There's an interesting sub-literature out there investigating the question of how responsive state governments are of the wishes of their citizens. Erikson, Wright, and McIver (1993) found some nice evidence along these lines suggesting that we actually do get the government we want. States with liberal populations tend to get governments pushing liberal policies. Given all the intermediaries between citizens and their government, this is a pretty encouraging finding.

Jeff Lax and Justin Phillips have a very cool new paper examining this question in greater detail. They basically confirm the Erikson et al finding, but also note that some state governments are better at representing their citizens than others. As the authors argue,
there is a large “democratic deficit”— states are only successful at matching policy with opinion majorities about half of the time, and clear majority support is often insufficient for policy adoption. We find that certain political institutions, specifically legislative professionalization and term limits, enhance the opinion-policy linkage. Other factors, such as participation, electoral competition, and state culture, explain little.
The patterns are interesting. Check out this map that they produce. The black states have policies that are more liberal than their populations want. The white states have policies that are more conservative than their populations want.I'm wondering how much of this can be explained by party strength. Iowa, California, New York, New Jersey, etc., all have pretty strong political parties, and they might be pushing legislators toward policies that are more liberal than their voters are comfortable with. Southern states, though, aren't really known for their strong party organizations, so why are they producing out-of-step conservative policies? It's possible that there's a political culture argument here, even though the authors only find modest culture effects. A lot of southern governments are designed to be non-responsive. That is, they have short legislative sessions, weak governors, and other institutional rules (set up right after Reconstruction!) that make them resilient to shifts in public opinion.

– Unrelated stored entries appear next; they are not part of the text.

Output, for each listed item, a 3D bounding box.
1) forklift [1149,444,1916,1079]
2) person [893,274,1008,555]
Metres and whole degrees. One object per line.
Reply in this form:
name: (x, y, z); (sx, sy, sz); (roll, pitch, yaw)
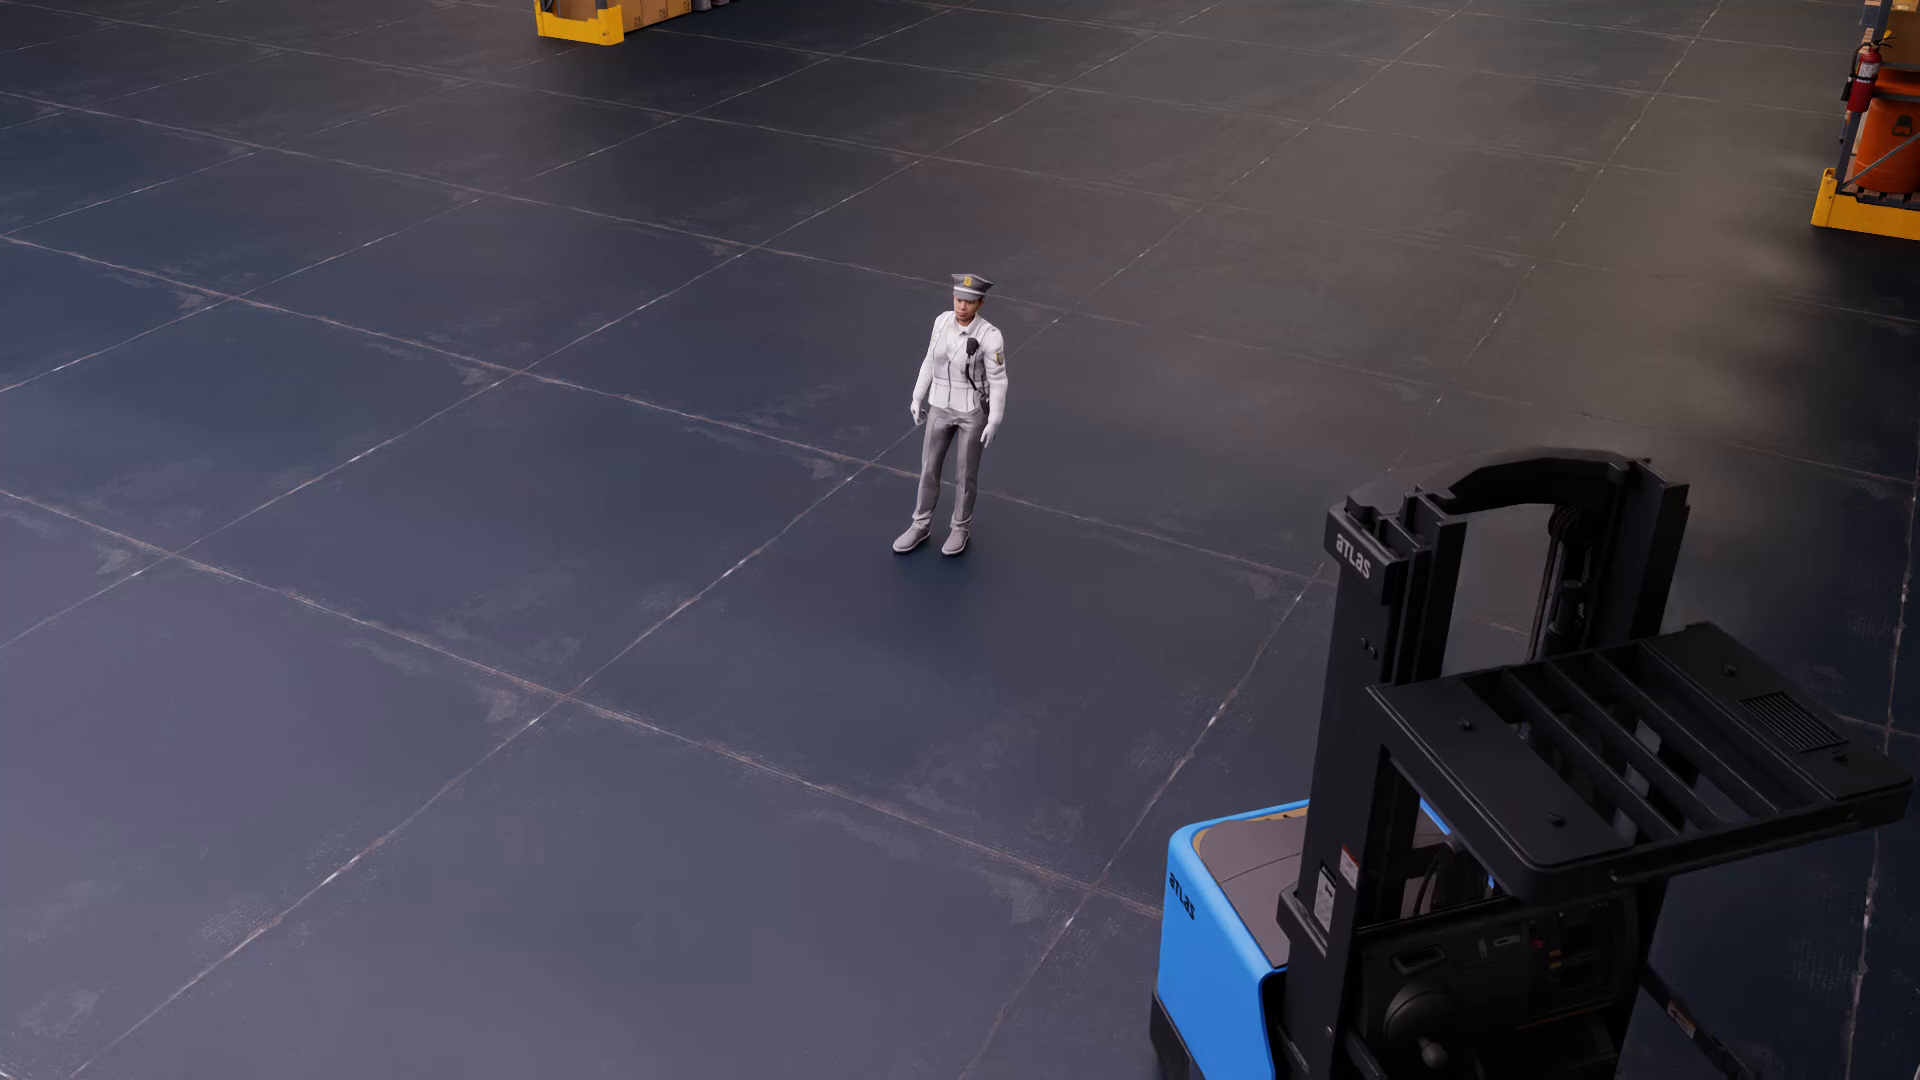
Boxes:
forklift: (1.670, 1.337, 4.754); (1.130, 2.935, 3.031); (-9, 31, -15)
person: (-0.039, -0.712, 9.526); (0.587, 1.695, 0.531); (15, 33, 25)

Lax and Phillips have one other fun little finding in there:
As another way of picking up cultural differences, we tried a proxy (a long shot) for a state’s populist tendencies—the presidential vote share of William Jennings Bryan against William McKinley in 1896. A populist tradition could directly impact responsiveness or have shaped institutional development. Rather surprisingly, we find that there is a significant increase in the marginal effect of opinion for states with a higher Bryan vote. While not huge, the effect is significant and non-negligible.
How cool is that?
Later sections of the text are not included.